Net Worthless is a turn-based strategy game — except you're not building an empire, just running one thoroughly average life. One turn — one month.
It all starts with picking a character, and it's not just a skin. Each archetype is its own game,
with its own starting conditions, goal, and deadline.
One wants to make a first fortune; another, to buy out the company that laid him off;
a third, to become a world-famous actress. Different starts, different ceilings, different paths.
You don't control your character in real time.
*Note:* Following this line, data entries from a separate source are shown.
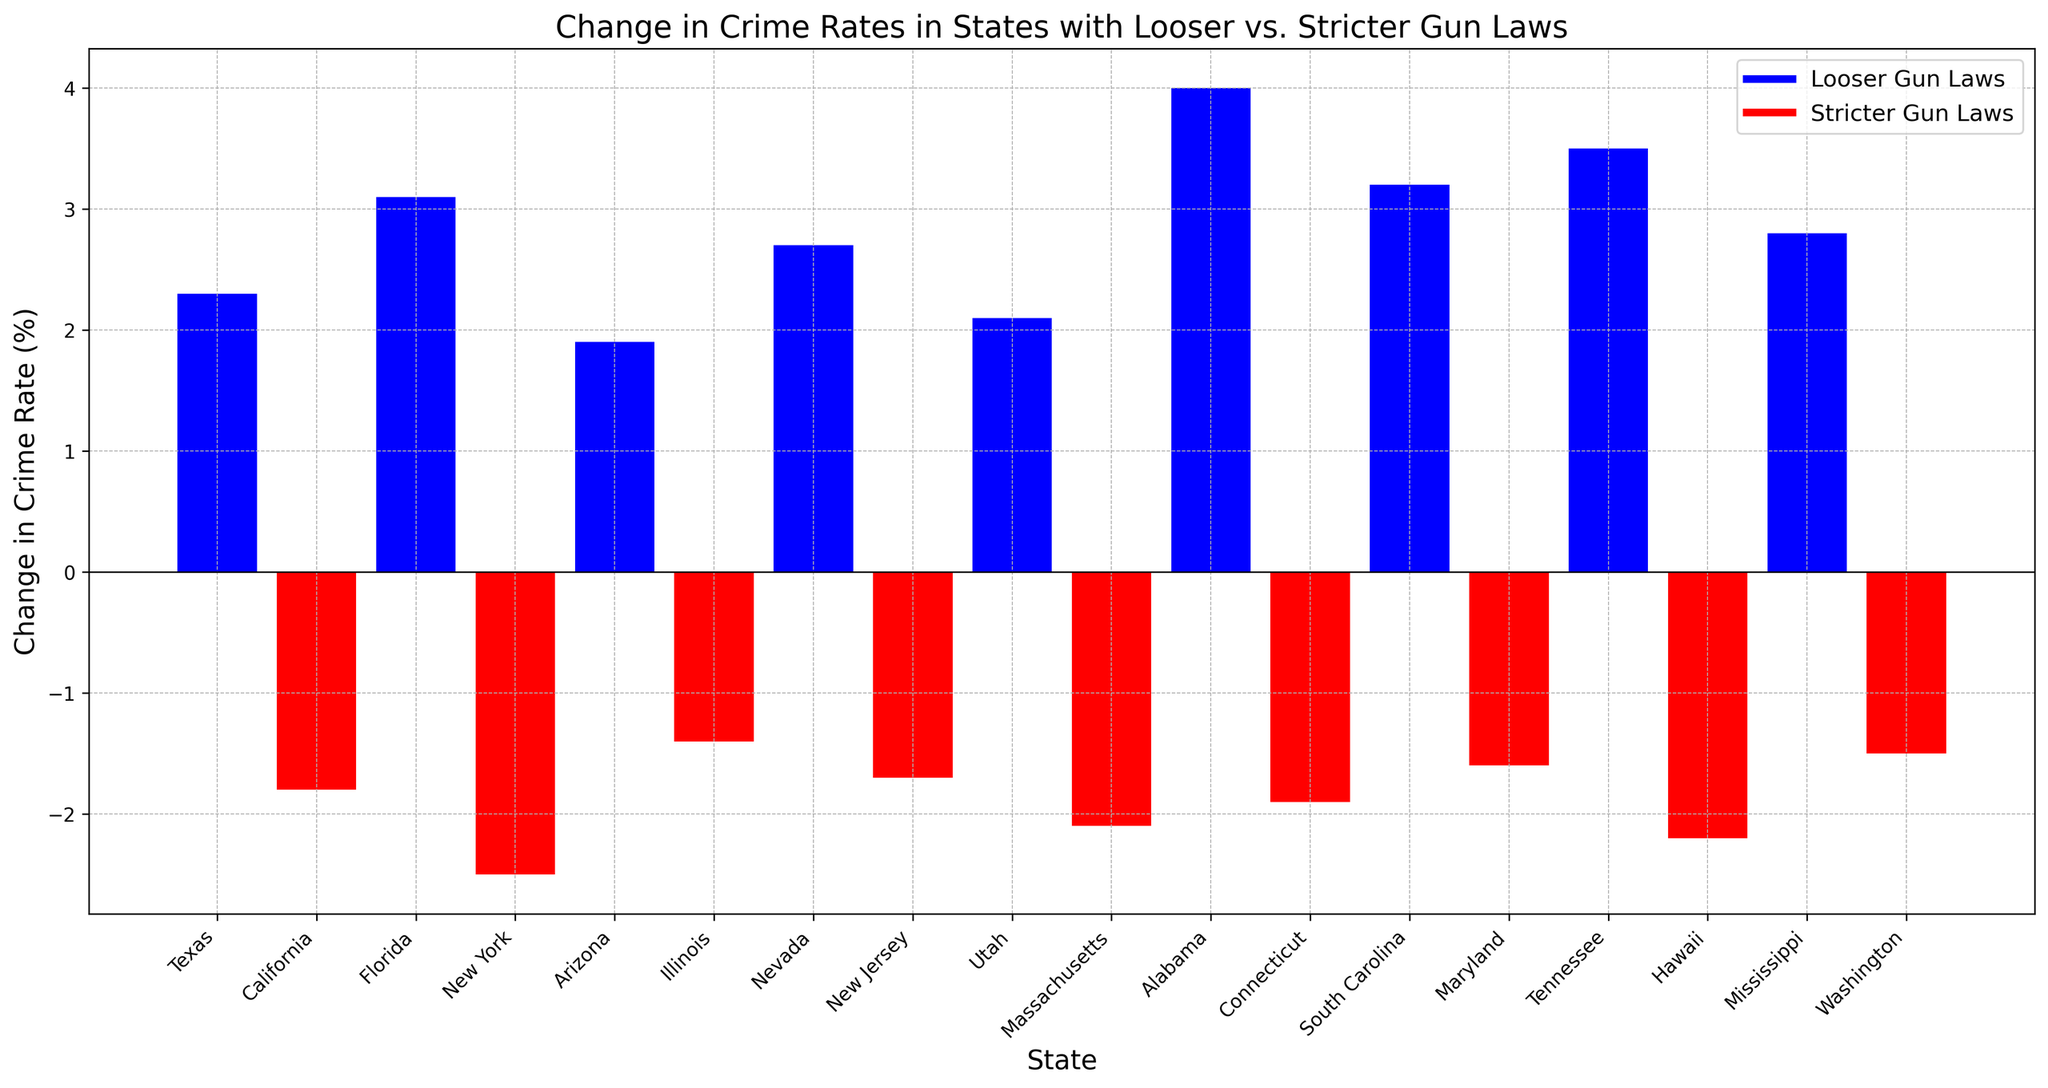Which state has the highest positive change in crime rate? To find the highest positive change, look for the tallest bar above the horizontal line (y = 0). The tallest positive bar is for Alabama.
Answer: Alabama Which state has the lowest negative change in crime rate? To identify the lowest negative change, look for the smallest (closest to 0) value beneath the horizontal line (y = 0). The shortest negative bar is for Illinois.
Answer: Illinois What is the difference in the change in crime rate between Florida and New York? Florida has a positive change of 3.1% while New York has a negative change of -2.5%. The difference is calculated as 3.1 - (-2.5) = 3.1 + 2.5 = 5.6%.
Answer: 5.6% How many states with stricter gun laws have a decrease in crime rates? Count the number of red bars (representing stricter gun laws) that are below the horizontal line (y = 0). There are eight such states.
Answer: 8 What's the average change in crime rate for states with looser gun laws? Add the change in crime rates for all states with looser gun laws and then divide by the number of these states. (2.3 + 3.1 + 1.9 + 2.7 + 2.1 + 4.0 + 3.2 + 3.5 + 2.8) / 9 = 25.6 / 9 ≈ 2.84%.
Answer: 2.84% Which states have a change in crime rate between 2% and 3%? Look for bars whose heights correspond to changes between 2% and 3%. These states are Texas, Arizona, Nevada, Utah, and Mississippi.
Answer: Texas, Arizona, Nevada, Utah, Mississippi Do more states with looser or stricter gun laws have negative changes in the crime rate? Count the number of bars below the horizontal line for each type of gun law. States with stricter gun laws have more negative changes (all stricter law states have negative changes).
Answer: Stricter gun laws What's the combined change in crime rates for California and Massachusetts? Both states have stricter gun laws and negative changes. The combined change is -1.8% (California) + -2.1% (Massachusetts) = -3.9%.
Answer: -3.9%

You plan how the next 30 days play out:
hours of sleep, hours at the desk job, hours at the gym, hours studying, hours doomscrolling.
But Lady Luck, as we all know, has her own plans for your plans.
You'll have to deal with all the joys of adult life:
Inflation that eats your nest egg faster than you can refill it.
Loans, payday loans, and debt collectors who have your number on speed dial.
A market that never stops storming.
The choice: take a side gig and burn out completely, or save your sanity and skip lunch.
The game hands you systems and rules, but it won't tell you what's right.
Spoiler: there's no single right way. Slog away at three jobs, play the market, or just coast.
Every action is a trade: you swap time for money, money for health, health for sanity. Nothing grows for free.
Nobody holds your hand or flags the best move.
For anyone who doesn't like save-scumming. The game saves once, at the end of the month, after every event has resolved. One slot, no backups.
Reloading won't undo a bad deal or a sudden illness. You live with what you chose.
This isn't difficulty for its own sake. It's honesty.
Fully offline. No launchers, no server tethers, no "always online."
Zero telemetry. The game collects nothing about you and sends nothing anywhere. Want to share your story? Leave a review or make a video, we're all for it. But it's your call.
Tiny footprint, runs on minimal specs. It'll even run on a potato.
Satire aimed at crypto bros, info-grifters, hustle culture, and the impossibility
of buying a home in the 2020s, wrapped around a merciless economy.